• **TASK PROMPT**
Only the number is wanted: how many lines of the data contain "http"?

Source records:
= Beginning of Section =

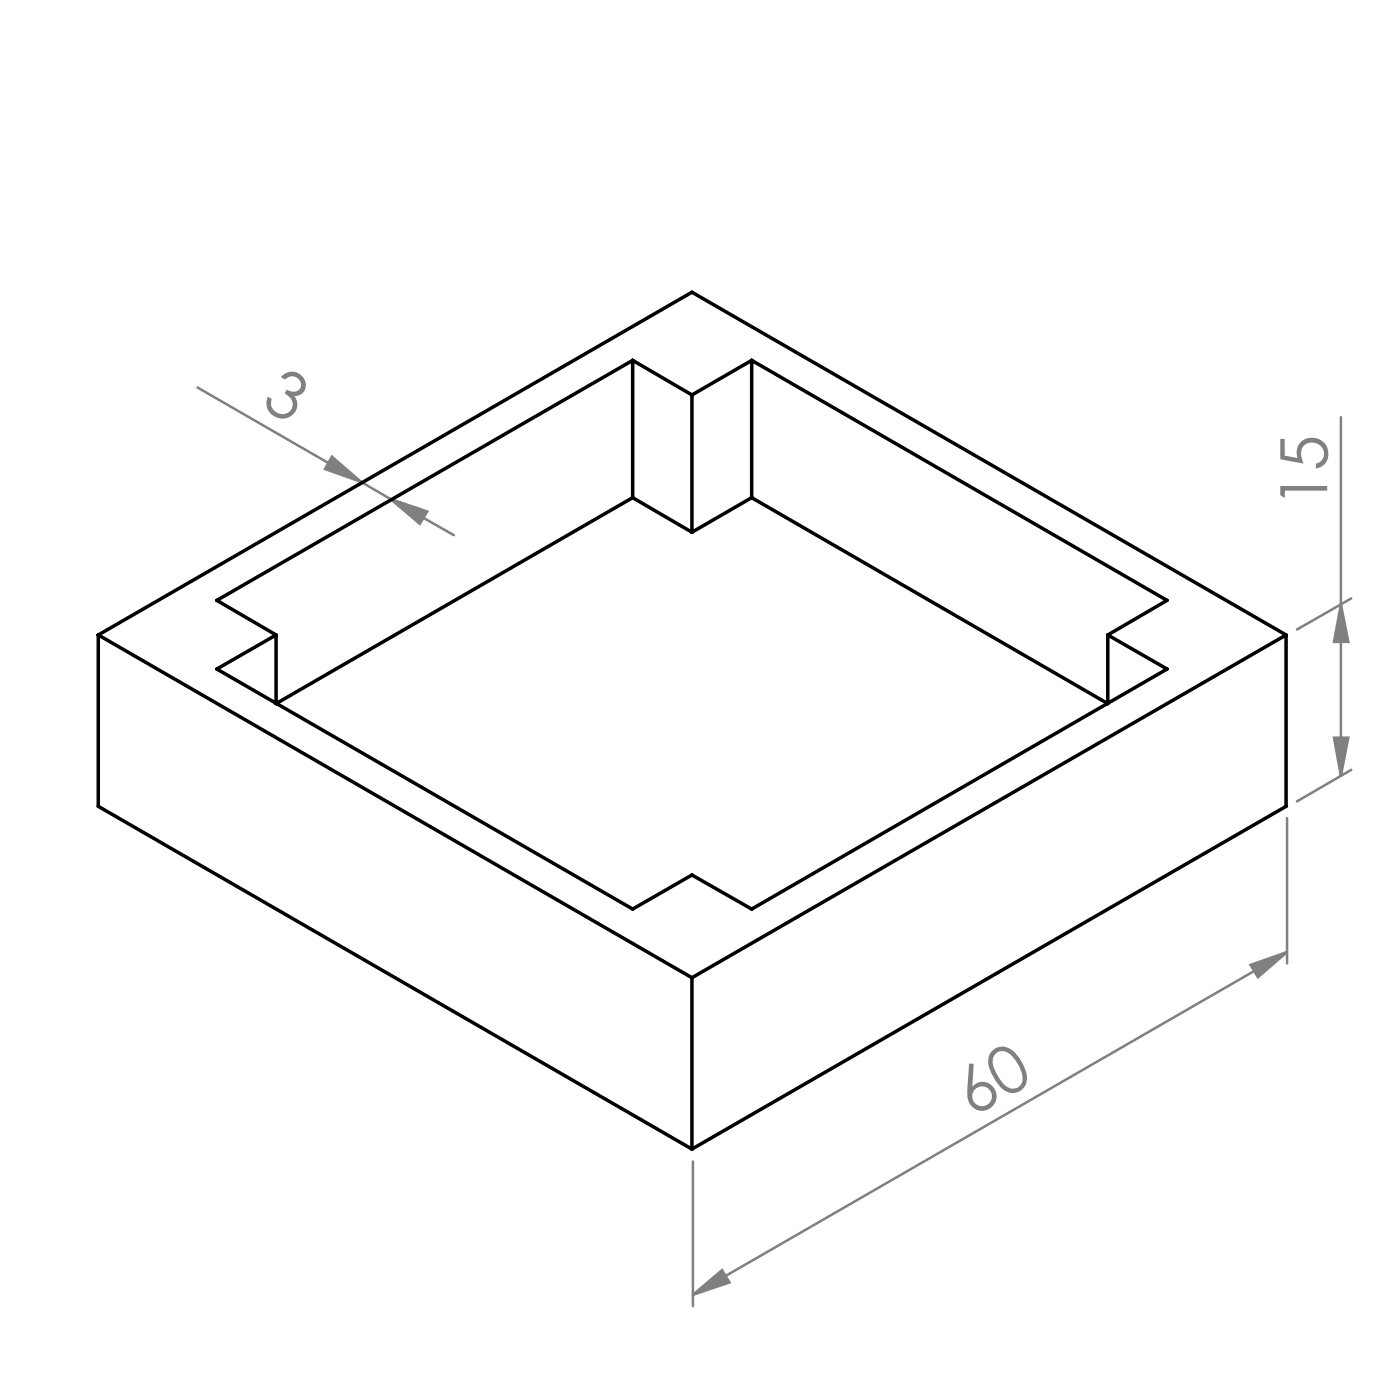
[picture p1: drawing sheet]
<svg xmlns="http://www.w3.org/2000/svg" width="100mm" height="100mm" viewBox="0 0 100 100" stroke-linecap="round" stroke-linejoin="round" font-family="sans-serif">
<defs><g id="words">
<g font-size="4.7" fill="#808080">
<text x="18.5" y="29" transform="rotate(30 18.5 29)">3</text>
<text x="94.8" y="36.2" transform="rotate(-90 94.8 36.2)">15</text>
<text x="69.5" y="79.8" transform="rotate(-30 69.5 79.8)">60</text>
</g>
</g></defs>
<g fill="none" stroke="#808080" stroke-width=".18">
<path d="M14.1 27.7l11.7 6.7M23.7 32.6l2.1 1.8-2.6-.9zM25.8 34.4l2.1 1.3M27.9 35.7l2.6 .8-.5 .9zM27.9 35.7l4.5 2.5M95.8 29.8v25.6M91.9 58.4v10.4M95.3 52.7h1l-.5 2.7zM95.8 43.2l.5 2.6h-1zM96.5 42.7l-3.9 2.3M96.5 55l-3.9 2.2M89.3 68.9l2.6-.9-2 1.8z"/>
<path d="M91.9 68l-42.4 24.5M49.5 92.5l2.1-1.8 .5 .9zM49.5 83v10.3"/>
</g>
<g fill="#808080">
<path d="M27.9 35.7l2.6 .8-.5 .9zM23.7 32.6l2.1 1.8-2.6-.9z"/>
<path d="M49.5 92.5l2.1-1.8 .5 .9zM89.3 68.9l2.6-.9-2 1.8z"/>
<path d="M95.8 43.2l.5 2.6h-1zM95.3 52.7h1l-.5 2.7z"/>
</g>
<g fill="none" stroke="#000" stroke-width=".25">
<path d="M45.2 25.7l4.2 2.5M45.2 25.7l-29.7 17.2 4.2 2.5M45.2 35.5l-25.5 14.8v-4.9M45.2 35.5l4.2 2.5M45.2 25.7v9.8M49.4 28.2v9.8M53.7 25.7l29.7 17.2-4.3 2.5M53.7 25.7l-4.3 2.5M53.7 35.5l-4.3 2.5M53.7 35.5l25.4 14.8v-4.9M53.7 25.7v9.8M7 45.4v12.2l42.4 24.5"/>
<path d="M7 45.4l42.4 24.4M7 45.4l42.4-24.5 42.5 24.5M19.7 45.4l-4.2 2.4 29.7 17.1 4.2-2.4 4.3 2.4 29.7-17.1-4.3-2.4M91.9 45.4l-42.5 24.4M91.9 45.4v12.2l-42.5 24.5M49.4 69.8v12.3"/>
</g>
<use href="#words"/>
</svg>
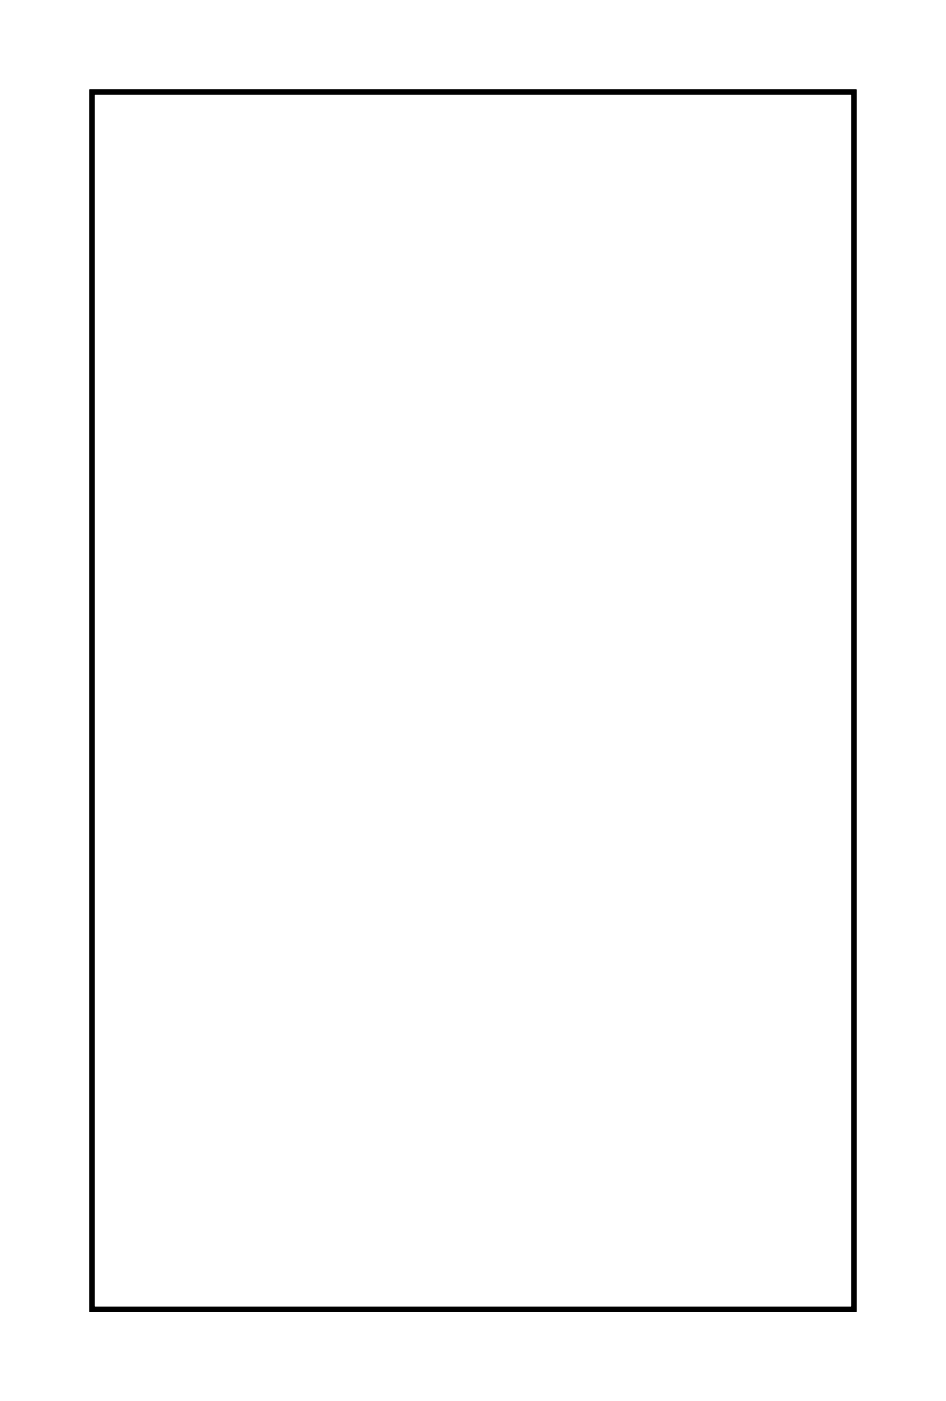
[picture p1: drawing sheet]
<svg xmlns="http://www.w3.org/2000/svg" width="37mm" height="55mm" viewBox="0 0 37 55" stroke-linecap="round" stroke-linejoin="round" font-family="sans-serif">
<path d="M3.6 3.6h30.2v48.2h-30.2z" fill="none" stroke="#000" stroke-width=".2"/>
<path d="M3.6 3.6h30.2v48.2h-30.2z" fill="none" stroke="#000" stroke-width=".04"/>
<circle cx="23.2" cy="12.4" r=".74" fill="#fff"/>
<circle cx="23.2" cy="12.4" r=".74" fill="none" stroke="#fff" stroke-width=".76" stroke-linecap="butt"/>
<circle cx="20.6" cy="12.4" r=".74" fill="#fff"/>
<circle cx="20.6" cy="12.4" r=".74" fill="none" stroke="#fff" stroke-width=".76" stroke-linecap="butt"/>
<circle cx="18.1" cy="12.4" r=".74" fill="#fff"/>
<circle cx="18.1" cy="12.4" r=".74" fill="none" stroke="#fff" stroke-width=".76" stroke-linecap="butt"/>
<circle cx="15.6" cy="12.4" r=".74" fill="#fff"/>
<circle cx="15.6" cy="12.4" r=".74" fill="none" stroke="#fff" stroke-width=".76" stroke-linecap="butt"/>
<circle cx="18.2" cy="49.4" r=".74" fill="#fff"/>
<circle cx="18.2" cy="49.4" r=".74" fill="none" stroke="#fff" stroke-width=".76" stroke-linecap="butt"/>
<circle cx="20.8" cy="49.4" r=".74" fill="#fff"/>
<circle cx="20.8" cy="49.4" r=".74" fill="none" stroke="#fff" stroke-width=".76" stroke-linecap="butt"/>
<circle cx="23.3" cy="49.4" r=".74" fill="#fff"/>
<circle cx="23.3" cy="49.4" r=".74" fill="none" stroke="#fff" stroke-width=".76" stroke-linecap="butt"/>
<circle cx="25.9" cy="49.4" r=".74" fill="#fff"/>
<circle cx="25.9" cy="49.4" r=".74" fill="none" stroke="#fff" stroke-width=".76" stroke-linecap="butt"/>
<circle cx="18.3" cy="44.1" r=".74" fill="#fff"/>
<circle cx="18.3" cy="44.1" r=".74" fill="none" stroke="#fff" stroke-width=".76" stroke-linecap="butt"/>
<circle cx="20.8" cy="44.1" r=".74" fill="#fff"/>
<circle cx="20.8" cy="44.1" r=".74" fill="none" stroke="#fff" stroke-width=".76" stroke-linecap="butt"/>
<circle cx="23.4" cy="44.1" r=".74" fill="#fff"/>
<circle cx="23.4" cy="44.1" r=".74" fill="none" stroke="#fff" stroke-width=".76" stroke-linecap="butt"/>
<circle cx="25.9" cy="44.1" r=".74" fill="#fff"/>
<circle cx="25.9" cy="44.1" r=".74" fill="none" stroke="#fff" stroke-width=".76" stroke-linecap="butt"/>
<circle cx="22.8" cy="5.6" r=".74" fill="#fff"/>
<circle cx="22.8" cy="5.6" r=".74" fill="none" stroke="#fff" stroke-width=".76" stroke-linecap="butt"/>
<circle cx="20.3" cy="5.6" r=".74" fill="#fff"/>
<circle cx="20.3" cy="5.6" r=".74" fill="none" stroke="#fff" stroke-width=".76" stroke-linecap="butt"/>
<circle cx="17.8" cy="5.6" r=".74" fill="#fff"/>
<circle cx="17.8" cy="5.6" r=".74" fill="none" stroke="#fff" stroke-width=".76" stroke-linecap="butt"/>
<circle cx="15.2" cy="5.6" r=".74" fill="#fff"/>
<circle cx="15.2" cy="5.6" r=".74" fill="none" stroke="#fff" stroke-width=".76" stroke-linecap="butt"/>
<circle cx="17.4" cy="19.1" r=".6" fill="#fff"/>
<circle cx="17.4" cy="19.1" r=".6" fill="none" stroke="#fff" stroke-width=".65" stroke-linecap="butt"/>
<path d="M16.8 18.5h1.2v1.2h-1.2z" fill="#fff"/>
<path d="M16.8 18.5h1.2v1.2h-1.2z" fill="none" stroke="#fff" stroke-width=".65" stroke-linecap="butt"/>
<circle cx="19.9" cy="19.1" r=".6" fill="#fff"/>
<circle cx="19.9" cy="19.1" r=".6" fill="none" stroke="#fff" stroke-width=".65" stroke-linecap="butt"/>
<circle cx="23.7" cy="24.9" r=".6" fill="#fff"/>
<circle cx="23.7" cy="24.9" r=".6" fill="none" stroke="#fff" stroke-width=".65" stroke-linecap="butt"/>
<path d="M23.1 24.3h1.2v1.2h-1.2z" fill="#fff"/>
<path d="M23.1 24.3h1.2v1.2h-1.2z" fill="none" stroke="#fff" stroke-width=".65" stroke-linecap="butt"/>
<circle cx="23.7" cy="27.4" r=".6" fill="#fff"/>
<circle cx="23.7" cy="27.4" r=".6" fill="none" stroke="#fff" stroke-width=".65" stroke-linecap="butt"/>
<circle cx="23.6" cy="36" r=".6" fill="#fff"/>
<circle cx="23.6" cy="36" r=".6" fill="none" stroke="#fff" stroke-width=".65" stroke-linecap="butt"/>
<path d="M23 35.4h1.2v1.2h-1.2z" fill="#fff"/>
<path d="M23 35.4h1.2v1.2h-1.2z" fill="none" stroke="#fff" stroke-width=".65" stroke-linecap="butt"/>
<circle cx="23.6" cy="38.5" r=".6" fill="#fff"/>
<circle cx="23.6" cy="38.5" r=".6" fill="none" stroke="#fff" stroke-width=".65" stroke-linecap="butt"/>
<circle cx="13.5" cy="24.9" r=".6" fill="#fff"/>
<circle cx="13.5" cy="24.9" r=".6" fill="none" stroke="#fff" stroke-width=".65" stroke-linecap="butt"/>
<path d="M12.9 24.3h1.2v1.2h-1.2z" fill="#fff"/>
<path d="M12.9 24.3h1.2v1.2h-1.2z" fill="none" stroke="#fff" stroke-width=".65" stroke-linecap="butt"/>
<circle cx="13.5" cy="27.4" r=".6" fill="#fff"/>
<circle cx="13.5" cy="27.4" r=".6" fill="none" stroke="#fff" stroke-width=".65" stroke-linecap="butt"/>
<circle cx="13.5" cy="36" r=".6" fill="#fff"/>
<circle cx="13.5" cy="36" r=".6" fill="none" stroke="#fff" stroke-width=".65" stroke-linecap="butt"/>
<path d="M12.9 35.4h1.2v1.2h-1.2z" fill="#fff"/>
<path d="M12.9 35.4h1.2v1.2h-1.2z" fill="none" stroke="#fff" stroke-width=".65" stroke-linecap="butt"/>
<circle cx="13.5" cy="38.5" r=".6" fill="#fff"/>
<circle cx="13.5" cy="38.5" r=".6" fill="none" stroke="#fff" stroke-width=".65" stroke-linecap="butt"/>
</svg>

= End of Section =

• **SOLUTION TO THIS EXERCISE**
2